结果发现,虽然Slave1和Slave2已经有了输出目录,可是目录底下是没有数据的

 

9.3 执行workdcount也是如此结果

bin/spark-shell --master spark://192.168.26.131:7077
scala> var rdd = sc.textFile("file:///home/hadoop/history.txt.used.byspark", 7)
rdd.flatMap(_.split(" ")).map((_, 1)).reduceByKey(_ + _,5).map(x => (x._2, x._1)).sortByKey(false).map(x => (x._2, x._1)).saveAsTextFile("file:///home/hadoop/output")

 

9.4  运行Spark自带的SparkPi程序,

 

./run-example SparkPi 1000 --master spark://192.168.26.131:7077
 结果能够输出:Pi is roughly 3.14173708

 

 9.5 执行workdcount(读写HDFS)

bin/spark-shell --master spark://192.168.26.131:7077
scala> var rdd = sc.textFile("/user/hadoop/history.txt.used.byspark", 7)
rdd.flatMap(_.split(" ")).map((_, 1)).reduceByKey(_ + _,5).map(x => (x._2, x._1)).sortByKey(false).map(x => (x._2, x._1)).saveAsTextFile("/user/hadoop/output")

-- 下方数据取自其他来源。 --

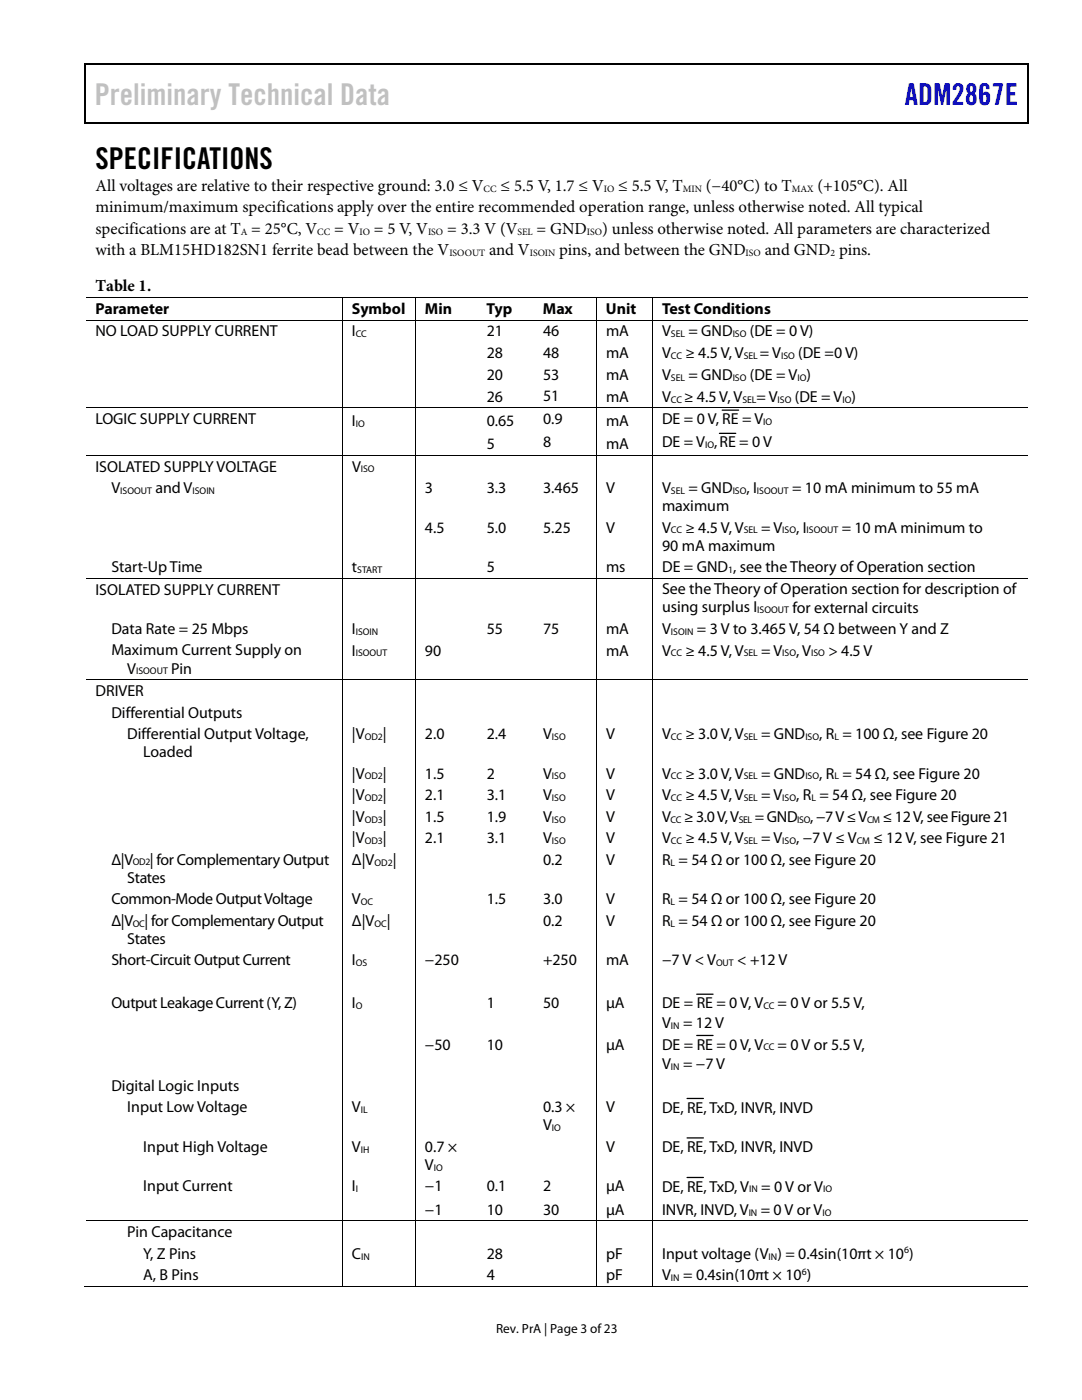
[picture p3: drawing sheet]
<svg xmlns="http://www.w3.org/2000/svg" width="216mm" height="279mm" viewBox="0 0 216 279" stroke-linecap="round" stroke-linejoin="round" font-family="sans-serif">
<defs><g id="words">
<text font-size="6" fill="#c0c0c0" x="18.9" y="21">Preliminary Technical Data</text>
<text font-size="6" fill="#00f" x="180.5" y="21">ADM2867E</text>
<text font-size="6" x="19" y="33.6">SPECIFICATIONS</text>
<g font-size="3.3">
<text x="19" y="38.1">All voltages are relative to their respective ground: 3.0 ≤ V</text>
<text x="99.9" y="38.1">≤ 5.5 V, 1.7 ≤ V</text>
<text x="123.4" y="38.1">≤ 5.5 V, T</text>
<text x="140.8" y="38.1">(−40°C) to T</text>
<text x="163.1" y="38.1">(+105°C). All</text>
<text x="19.1" y="42.4">minimum/maximum specifications apply over the entire recommended operation range, unless otherwise noted. All typical</text>
<text x="19.1" y="46.7">specifications are at T = 25°C, V</text>
<text x="66.7" y="46.7">= V</text>
<text x="74.6" y="46.7">= 5 V, V</text>
<text x="89.2" y="46.7">= 3.3 V (V</text>
<text x="107.1" y="46.7">= GND</text>
<text x="120.2" y="46.7">) unless otherwise noted. All parameters are characterized</text>
<text x="19" y="50.9">with a BLM15HD182SN1 ferrite bead between the V</text>
<text x="97.6" y="50.9">and V</text>
<text x="111.6" y="50.9">pins, and between the GND</text>
<text x="152.6" y="50.9">and GND pins.</text>
<text x="19.1" y="58.1">Table 1.</text>
</g>
<g font-size="3.2">
<text x="19" y="62.6">Parameter</text>
<text x="70.2" y="62.6">Symbol</text>
<text x="84.8" y="62.6">Min</text>
<text x="97.1" y="62.6">Typ</text>
<text x="108.3" y="62.6">Max</text>
<text x="120.9" y="62.6">Unit</text>
<text x="132.1" y="62.6">Test Conditions</text>
<text x="19" y="67.1">NO LOAD SUPPLY CURRENT</text>
<text x="70.2" y="67.1">I</text>
<text x="97.1" y="67.1">21</text>
<text x="97.1" y="71.5">28</text>
<text x="108.4" y="67.1">46</text>
<text x="108.4" y="71.4">48</text>
<text x="120.9" y="67.1">mA</text>
<text x="120.9" y="71.5">mA</text>
<text x="132.1" y="67.1">V</text>
<text x="132.1" y="71.5">V</text>
<text x="136.8" y="71.5">≥ 4.5 V, V</text>
<text x="137.4" y="67.1">= GND</text>
<text x="149.6" y="67.1">(DE = 0 V)</text>
<text x="151.6" y="71.5">= V</text>
<text x="159.3" y="71.5">(DE =0 V)</text>
<text x="97.1" y="75.8">20</text>
<text x="108.4" y="75.8">53</text>
<text x="120.9" y="75.8">mA</text>
<text x="132.1" y="75.8">V</text>
<text x="137.4" y="75.8">= GND</text>
<text x="149.6" y="75.8">(DE = V )</text>
<text x="97.1" y="80.2">26</text>
<text x="108.4" y="80.1">51</text>
<text x="120.9" y="80.2">mA</text>
<text x="132.1" y="80.2">V</text>
<text x="136.5" y="80.2">≥ 4.5 V, V</text>
<text x="151" y="80.2">= V</text>
<text x="158.6" y="80.2">(DE = V )</text>
<text x="19" y="84.6">LOGIC SUPPLY CURRENT</text>
<text x="70.2" y="85">I</text>
<text x="97.1" y="85">0.65</text>
<text x="97.1" y="89.6">5</text>
<text x="108.4" y="84.6">0.9</text>
<text x="108.4" y="89.3">8</text>
<text x="120.9" y="85">mA</text>
<text x="120.9" y="89.6">mA</text>
<text x="132.1" y="84.7">DE = 0 V, RE = V</text>
<text x="132.1" y="89.3">DE = V ,RE = 0 V</text>
<text x="19" y="94.1">ISOLATED SUPPLY VOLTAGE</text>
<text x="70.2" y="94.1">V</text>
<text x="22.2" y="98.4">V</text>
<text x="31" y="98.4">and V</text>
<text x="84.8" y="98.4">3</text>
<text x="97.1" y="98.4">3.3</text>
<text x="108.4" y="98.4">3.465</text>
<text x="120.9" y="98.4">V</text>
<text x="132.1" y="98.4">V</text>
<text x="137.4" y="98.4">= GND</text>
<text x="148.9" y="98.4">, I</text>
<text x="158.1" y="98.4">= 10 mA minimum to 55 mA</text>
<text x="84.8" y="106.3">4.5</text>
<text x="97.1" y="106.3">5.0</text>
<text x="108.4" y="106.3">5.25</text>
<text x="120.9" y="106.3">V</text>
<text x="132.1" y="102">maximum</text>
<text x="132.1" y="106.3">V</text>
<text x="136.8" y="106.3">≥ 4.5 V, V</text>
<text x="151.9" y="106.3">= V</text>
<text x="158.9" y="106.3">, I</text>
<text x="168" y="106.3">= 10 mA minimum to</text>
<text x="132.1" y="109.9">90 mA maximum</text>
<text x="19" y="118.7">ISOLATED SUPPLY CURRENT</text>
<text x="22.2" y="114.2">Start-Up Time</text>
<text x="70.2" y="114.2">t</text>
<text x="97.1" y="114.2">5</text>
<text x="120.9" y="114.2">ms</text>
<text x="132.1" y="118.6">See the Theory of Operation section for description of</text>
<text x="132.1" y="114.2">DE = GND , see the Theory of Operation section</text>
<text x="132.1" y="122.2">using surplus I</text>
<text x="158.1" y="122.2">for external circuits</text>
<text x="22.2" y="126.5">Data Rate = 25 Mbps</text>
<text x="22.2" y="130.8">Maximum Current Supply on</text>
<text x="70.2" y="130.8">I</text>
<text x="70.2" y="126.5">I</text>
<text x="84.8" y="130.8">90</text>
<text x="97.1" y="126.5">55</text>
<text x="108.4" y="126.5">75</text>
<text x="120.9" y="126.5">mA</text>
<text x="120.9" y="130.8">mA</text>
<text x="132.1" y="126.5">V</text>
<text x="132.1" y="130.8">V</text>
<text x="136.8" y="130.8">≥ 4.5 V, V</text>
<text x="139.1" y="126.5">= 3 V to 3.465 V, 54 Ω between Y and Z</text>
<text x="151.9" y="130.8">= V</text>
<text x="158.9" y="130.8">, V</text>
<text x="165.3" y="130.8">&gt; 4.5 V</text>
<text x="25.4" y="134.4">V</text>
<text x="34.2" y="134.4">Pin</text>
<text x="19" y="138.9">DRIVER</text>
<text x="22.2" y="143.2">Differential Outputs</text>
<text x="25.4" y="147.5">Differential Output Voltage,</text>
<text x="70.2" y="147.5">|V</text>
<text x="76.4" y="147.5">|</text>
<text x="84.8" y="147.5">2.0</text>
<text x="97.1" y="147.5">2.4</text>
<text x="108.4" y="147.5">V</text>
<text x="120.9" y="147.5">V</text>
<text x="132.1" y="147.5">V</text>
<text x="136.8" y="147.5">≥ 3.0 V, V</text>
<text x="151.9" y="147.5">= GND</text>
<text x="163.4" y="147.5">, R = 100 Ω, see Figure 20</text>
<text x="28.6" y="151.1">Loaded</text>
<text x="70.2" y="155.4">|V</text>
<text x="76.4" y="155.4">|</text>
<text x="84.8" y="155.4">1.5</text>
<text x="97.1" y="155.4">2</text>
<text x="108.4" y="155.4">V</text>
<text x="120.9" y="155.4">V</text>
<text x="132.1" y="155.4">V</text>
<text x="136.8" y="155.4">≥ 3.0 V, V</text>
<text x="151.9" y="155.4">= GND</text>
<text x="163.4" y="155.4">, R = 54 Ω, see Figure 20</text>
<text x="70.2" y="159.7">|V</text>
<text x="76.4" y="159.7">|</text>
<text x="84.8" y="159.7">2.1</text>
<text x="97.1" y="159.7">3.1</text>
<text x="108.4" y="159.7">V</text>
<text x="120.9" y="159.7">V</text>
<text x="132.1" y="159.7">V</text>
<text x="136.8" y="159.7">≥ 4.5 V, V</text>
<text x="151.9" y="159.7">= V</text>
<text x="158.9" y="159.7">, R = 54 Ω, see Figure 20</text>
<text x="70.2" y="164">|V</text>
<text x="76.4" y="164">|</text>
<text x="84.8" y="164">1.5</text>
<text x="97.1" y="164">1.9</text>
<text x="108.4" y="164">V</text>
<text x="120.9" y="164">V</text>
<text x="132.1" y="164">V</text>
<text x="136.5" y="164">≥ 3.0 V, V</text>
<text x="150.6" y="164">= GND</text>
<text x="161.6" y="164">, −7 V ≤ V</text>
<text x="176.2" y="164">≤ 12 V, see Figure 21</text>
<text x="22.2" y="172.6">Δ|V</text>
<text x="29.9" y="172.6">| for Complementary Output</text>
<text x="70.2" y="172.6">Δ|V</text>
<text x="70.2" y="168.3">|V</text>
<text x="76.4" y="168.3">|</text>
<text x="78.4" y="172.6">|</text>
<text x="84.8" y="168.3">2.1</text>
<text x="97.1" y="168.3">3.1</text>
<text x="108.4" y="172.6">0.2</text>
<text x="108.4" y="168.3">V</text>
<text x="120.9" y="168.3">V</text>
<text x="120.9" y="172.6">V</text>
<text x="132.1" y="168.3">V</text>
<text x="132.1" y="172.6">R = 54 Ω or 100 Ω, see Figure 20</text>
<text x="136.8" y="168.3">≥ 4.5 V, V</text>
<text x="151.9" y="168.3">= V</text>
<text x="158.9" y="168.3">, −7 V ≤ V</text>
<text x="174.3" y="168.3">≤ 12 V, see Figure 21</text>
<text x="25.4" y="176.1">States</text>
<text x="22.2" y="180.5">Common-Mode Output Voltage</text>
<text x="22.2" y="184.7">Δ|V</text>
<text x="28.9" y="184.7">| for Complementary Output</text>
<text x="70.2" y="180.5">V</text>
<text x="70.2" y="184.8">Δ|V</text>
<text x="77.2" y="184.8">|</text>
<text x="97.1" y="180.5">1.5</text>
<text x="108.4" y="184.8">0.2</text>
<text x="108.4" y="180.5">3.0</text>
<text x="120.9" y="184.8">V</text>
<text x="120.9" y="180.5">V</text>
<text x="132.1" y="184.8">R = 54 Ω or 100 Ω, see Figure 20</text>
<text x="132.1" y="180.5">R = 54 Ω or 100 Ω, see Figure 20</text>
<text x="25.4" y="188.3">States</text>
<text x="22.2" y="192.6">Short-Circuit Output Current</text>
<text x="70.2" y="192.6">I</text>
<text x="84.8" y="192.6">−250</text>
<text x="108.4" y="192.6">+250</text>
<text x="120.9" y="192.6">mA</text>
<text x="132.1" y="192.6">−7 V &lt; V</text>
<text x="147.1" y="192.6">&lt; +12 V</text>
<text x="22.2" y="201.2">Output Leakage Current (Y, Z)</text>
<text x="70.2" y="201.2">I</text>
<text x="97.1" y="201.2">1</text>
<text x="108.4" y="201.2">50</text>
<text x="120.9" y="201.2">μA</text>
<text x="132.1" y="201.2">DE = RE = 0 V, V</text>
<text x="155.2" y="201.2">= 0 V or 5.5 V,</text>
<text x="84.8" y="209.5">−50</text>
<text x="97.1" y="209.5">10</text>
<text x="120.9" y="209.5">μA</text>
<text x="132.1" y="205.2">V</text>
<text x="132.1" y="209.5">DE = RE = 0 V, V</text>
<text x="136.3" y="205.2">= 12 V</text>
<text x="155.2" y="209.5">= 0 V or 5.5 V,</text>
<text x="132.1" y="213.4">V</text>
<text x="136.3" y="213.4">= −7 V</text>
<text x="22.2" y="217.7">Digital Logic Inputs</text>
<text x="108.4" y="222">0.3 ×</text>
<text x="25.4" y="222">Input Low Voltage</text>
<text x="70.2" y="222">V</text>
<text x="108.4" y="225.6">V</text>
<text x="120.9" y="222">V</text>
<text x="132.1" y="222">DE, RE, TxD, INVR, INVD</text>
<text x="28.6" y="229.9">Input High Voltage</text>
<text x="70.2" y="229.9">V</text>
<text x="84.8" y="229.9">0.7 ×</text>
<text x="84.8" y="233.5">V</text>
<text x="120.9" y="229.9">V</text>
<text x="132.1" y="229.9">DE, RE, TxD, INVR, INVD</text>
<text x="28.6" y="237.8">Input Current</text>
<text x="70.2" y="237.8">I</text>
<text x="84.8" y="237.8">−1</text>
<text x="97.1" y="237.8">0.1</text>
<text x="108.4" y="237.8">2</text>
<text x="120.9" y="237.8">μA</text>
<text x="132.1" y="237.8">DE, RE, TxD, V</text>
<text x="151.9" y="237.8">= 0 V or V</text>
<text x="84.8" y="242.4">−1</text>
<text x="97.1" y="242.4">10</text>
<text x="108.4" y="242.4">30</text>
<text x="120.9" y="242.4">μA</text>
<text x="132.1" y="242.4">INVR, INVD, V</text>
<text x="151.8" y="242.4">= 0 V or V</text>
<text x="25.4" y="246.9">Pin Capacitance</text>
<text x="28.6" y="251.2">Y, Z Pins</text>
<text x="70.2" y="251.2">C</text>
<text x="97.1" y="251.2">28</text>
<text x="120.9" y="251.2">pF</text>
<text x="132.1" y="251.2">Input voltage (V ) = 0.4sin(10πt × 10 )</text>
<text x="28.6" y="255.5">A, B Pins</text>
<text x="97.1" y="255.5">4</text>
<text x="120.9" y="255.5">pF</text>
<text x="132.1" y="255.5">V</text>
<text x="136.3" y="255.5">= 0.4sin(10πt × 10 )</text>
</g>
<text font-size="2.6" x="99" y="266">Rev. PrA | Page 3 of 23</text>
<g font-size="1.9">
<text x="96.5" y="38.3">CC</text>
<text x="120.5" y="38.3">IO</text>
<text x="136.2" y="38.3">MIN</text>
<text x="158" y="38.3">MAX</text>
<text x="48" y="46.8">A</text>
<text x="63.3" y="46.8">CC</text>
<text x="71.7" y="46.8">IO</text>
<text x="85.4" y="46.8">ISO</text>
<text x="103.3" y="46.8">SEL</text>
<text x="117.1" y="46.8">ISO</text>
<text x="89.7" y="51.1">ISOOUT</text>
<text x="105.7" y="51.1">ISOIN</text>
<text x="148.8" y="51.1">ISO</text>
<text x="165.7" y="51.1">2</text>
<text x="71" y="67.3">CC</text>
<text x="133.9" y="67.3">SEL</text>
<text x="133.9" y="71.6">CC</text>
<text x="146.2" y="67.3">ISO</text>
<text x="148.4" y="71.6">SEL</text>
<text x="155.9" y="71.6">ISO</text>
<text x="133.9" y="76">SEL</text>
<text x="146.2" y="76">ISO</text>
<text x="159.1" y="76">IO</text>
<text x="133.9" y="80.3">CC</text>
<text x="148.1" y="80.3">SEL</text>
<text x="155.2" y="80.3">ISO</text>
<text x="168.1" y="80.3">IO</text>
<text x="71" y="85.2">IO</text>
<text x="140.7" y="89.5">IO</text>
<text x="152.3" y="84.8">IO</text>
<text x="72" y="94.3">ISO</text>
<text x="24" y="98.6">ISOOUT</text>
<text x="38.4" y="98.6">ISOIN</text>
<text x="133.9" y="98.6">SEL</text>
<text x="146.2" y="98.6">ISO</text>
<text x="151" y="98.6">ISOOUT</text>
<text x="133.9" y="106.4">CC</text>
<text x="148.4" y="106.4">SEL</text>
<text x="156.1" y="106.4">ISO</text>
<text x="161" y="106.4">ISOOUT</text>
<text x="71.3" y="114.3">START</text>
<text x="145.3" y="114.3">1</text>
<text x="151.1" y="122.4">ISOOUT</text>
<text x="71" y="126.7">ISOIN</text>
<text x="71" y="131">ISOOUT</text>
<text x="133.9" y="126.7">ISOIN</text>
<text x="133.9" y="131">CC</text>
<text x="148.4" y="131">SEL</text>
<text x="156.1" y="131">ISO</text>
<text x="161.9" y="131">ISO</text>
<text x="27.2" y="134.6">ISOOUT</text>
<text x="72.8" y="147.7">OD2</text>
<text x="110.1" y="147.7">ISO</text>
<text x="133.9" y="147.7">CC</text>
<text x="148.4" y="147.7">SEL</text>
<text x="160.7" y="147.7">ISO</text>
<text x="166.5" y="147.7">L</text>
<text x="72.8" y="155.6">OD2</text>
<text x="110.1" y="155.6">ISO</text>
<text x="133.9" y="155.6">CC</text>
<text x="148.4" y="155.6">SEL</text>
<text x="160.7" y="155.6">ISO</text>
<text x="166.5" y="155.6">L</text>
<text x="72.8" y="159.9">OD2</text>
<text x="110.1" y="159.9">ISO</text>
<text x="133.9" y="159.9">CC</text>
<text x="148.4" y="159.9">SEL</text>
<text x="156.1" y="159.9">ISO</text>
<text x="161.9" y="159.9">L</text>
<text x="72.8" y="164.1">OD3</text>
<text x="110.1" y="164.1">ISO</text>
<text x="133.8" y="164.1">CC</text>
<text x="147.4" y="164.1">SEL</text>
<text x="159.1" y="164.1">ISO</text>
<text x="173" y="164.1">CM</text>
<text x="26.5" y="172.7">OD2</text>
<text x="72.8" y="168.4">OD3</text>
<text x="74.7" y="172.7">OD2</text>
<text x="110.1" y="168.4">ISO</text>
<text x="133.8" y="172.7">L</text>
<text x="133.9" y="168.4">CC</text>
<text x="148.4" y="168.4">SEL</text>
<text x="156.1" y="168.4">ISO</text>
<text x="170.9" y="168.4">CM</text>
<text x="26.5" y="184.9">OC</text>
<text x="72" y="180.6">OC</text>
<text x="74.7" y="184.9">OC</text>
<text x="133.8" y="180.6">L</text>
<text x="133.8" y="184.9">L</text>
<text x="71" y="192.8">OS</text>
<text x="142.9" y="192.8">OUT</text>
<text x="71" y="201.4">O</text>
<text x="152.3" y="201.4">CC</text>
<text x="133.9" y="205.3">IN</text>
<text x="152.3" y="209.6">CC</text>
<text x="133.9" y="213.6">IN</text>
<text x="72" y="222.2">IL</text>
<text x="110.1" y="225.8">IO</text>
<text x="72" y="230.1">IH</text>
<text x="86.6" y="233.7">IO</text>
<text x="71" y="238">I</text>
<text x="149.5" y="238">IN</text>
<text x="164.2" y="238">IO</text>
<text x="149.4" y="242.6">IN</text>
<text x="164.1" y="242.6">IO</text>
<text x="72.1" y="251.4">IN</text>
<text x="153.4" y="251.4">IN</text>
<text x="180.4" y="250.1">6</text>
<text x="133.9" y="255.7">IN</text>
<text x="160" y="254.4">6</text>
</g>
</g></defs>
<path d="M16.9 12.7h.2v1h-.2zM205.1 12.7h.2v1h-.2zM205.1 12.7h.2v.3h-.2zM82.3 24.4h.2v.3h-.2zM205.1 24.4h.2v.3h-.2z" fill="#000"/>
<path d="M16.9 12.8h188.2M17 13.7v11M205.2 13.7v11M205.1 24.5h-188.2M143.6 86.5h3.2M144.1 81.9h3.3M139 198.4h3.3M137.1 219.2h3.3M139 206.7h3.3M137.1 227.1h3.3M137.1 235h3.3" fill="none" stroke="#000" stroke-width=".25"/>
<g fill="none" stroke="#000" stroke-width=".2">
<path d="M17.1 59.4h188M68.3 59.4v4.4M82.9 59.4v4.4M119 59.4v4.4M130.2 59.4v4.4M17.1 63.9h188M68.3 64v17.3M82.9 64v17.3M119 64v17.3M130.2 64v17.3M17.1 81.4h188M17.1 90.9h188"/>
<path d="M68.3 81.5v9.3M68.3 91v24.3M82.9 81.5v9.3M82.9 91v24.3M119 81.5v9.3M119 91v24.3M130.2 81.5v9.3M130.2 91v24.3M17.1 115.4h188M68.3 115.5v20.1M82.9 115.5v20.1M119 115.5v20.1"/>
<path d="M130.2 115.5v20.1M68.3 135.7v107.9M82.9 135.7v107.9M119 135.7v107.9M130.2 135.7v107.9M205.1 135.7h-188M16.9 256.7h51.3M17.1 243.7h188M68.3 243.8v13M68.4 256.7h14.4M82.9 243.8v13M83 256.7h35.9"/>
<path d="M119 243.8v13M119.1 256.7h11M130.2 243.8v13M130.3 256.7h74.8"/>
</g>
<use href="#words"/>
</svg>

可以得到正确的结果是正确的part-00000~part-00004

 

 

 可见slave1执行了3个任务,slave2执行了两个Task,通过Shuffle,分别读取了661B和1248B

 

 

 

  • 大小: 49.7 KB
  • 大小: 26.9 KB
  • 大小: 67.8 KB
分享到:
评论

相关推荐

    Spark实验:Standalone模式安装部署(带答案)1

    总结,Spark Standalone模式的安装部署是一个基础但重要的实践环节,它涉及到了Linux环境管理、文件配置以及分布式系统的基础操作。通过这次实验,可以深入理解Spark集群的工作原理,为后续的数据处理和分析打下坚实...

    spark 分布式集群搭建

    ### Spark Standalone 分布式集群搭建详解 #### Spark Standalone 运行模式概述 Spark Standalone 是 Apache Spark 提供的一种自带的集群管理模式,主要用于管理 Spark 应用程序的执行环境。这种模式简单易用,适合...

    springboot整合spark连接远程服务计算框架使用standAlone模式

    在现代大数据处理领域,Spark作为一个高性能的分布式计算框架,被广泛应用。Spring Boot作为Java开发的轻量级框架,简化了微服务的构建。当需要在Spring Boot应用中整合Spark进行远程服务计算时,通常会采用Spark的...

    Spark Standalone架构设计.docx

    RDD(Resilient Distributed Datasets)是 Spark 的核心概念之一,弹性分布式数据集,它是对分布式数据集的一种内存抽象,通过受限的共享内存方式来提供容错性,同时这种内存模型使得计算比传统的数据流模型要高效。...

    Spark一个高效的分布式计算系统

    Spark是一个由UC Berkeley AMP实验室开发并开源的分布式计算框架,其设计目标是提供高效、通用的并行计算能力,尤其适合大数据处理中的迭代计算任务。Spark借鉴了Hadoop MapReduce的思想,但在性能和灵活性上进行了...

    zookeeper单节点安装和伪分布式集群安装和完全分布式集群安装

    ### Zookeeper单节点安装与集群部署详解 ...通过以上步骤,我们可以完成ZooKeeper的单节点安装、伪分布式集群安装以及完全分布式集群安装。这些步骤不仅适用于学习目的,也为实际生产环境中的部署提供了指导。

    Spark环境搭建——standalone集群模式

    这篇博客,Alice为大家带来的是Spark集群环境搭建之——standalone集群模式。 文章目录集群角色介绍集群规划修改配置并分发启动和停止查看web界面测试 集群角色介绍  Spark是基于内存计算的大数据并行计算框架,...

    spark在虚拟机的安装

    #### 六、Spark Standalone Cluster模式配置 1. **配置spark-env.sh** 在`$SPARK_HOME/conf/spark-env.sh`文件中配置Spark的环境变量,例如设置内存大小等。 2. **复制Spark文件夹** 在每个节点上创建Spark的...

    Spark Standalone 单机版部署

    Spark standalone 单机版部署,看了网上很多方法,事实证明都是错误的,本人亲身经历,在导师的指导下,成功配置成功单机版。

    Spark安装包、安装文档

    Spark以其高效的内存计算和弹性分布式数据集(Resilient Distributed Datasets, RDD)为核心特性,显著提升了数据处理速度。 首先,Spark的核心组件包括: 1. **Spark Core**:Spark的基础框架,提供了任务调度、...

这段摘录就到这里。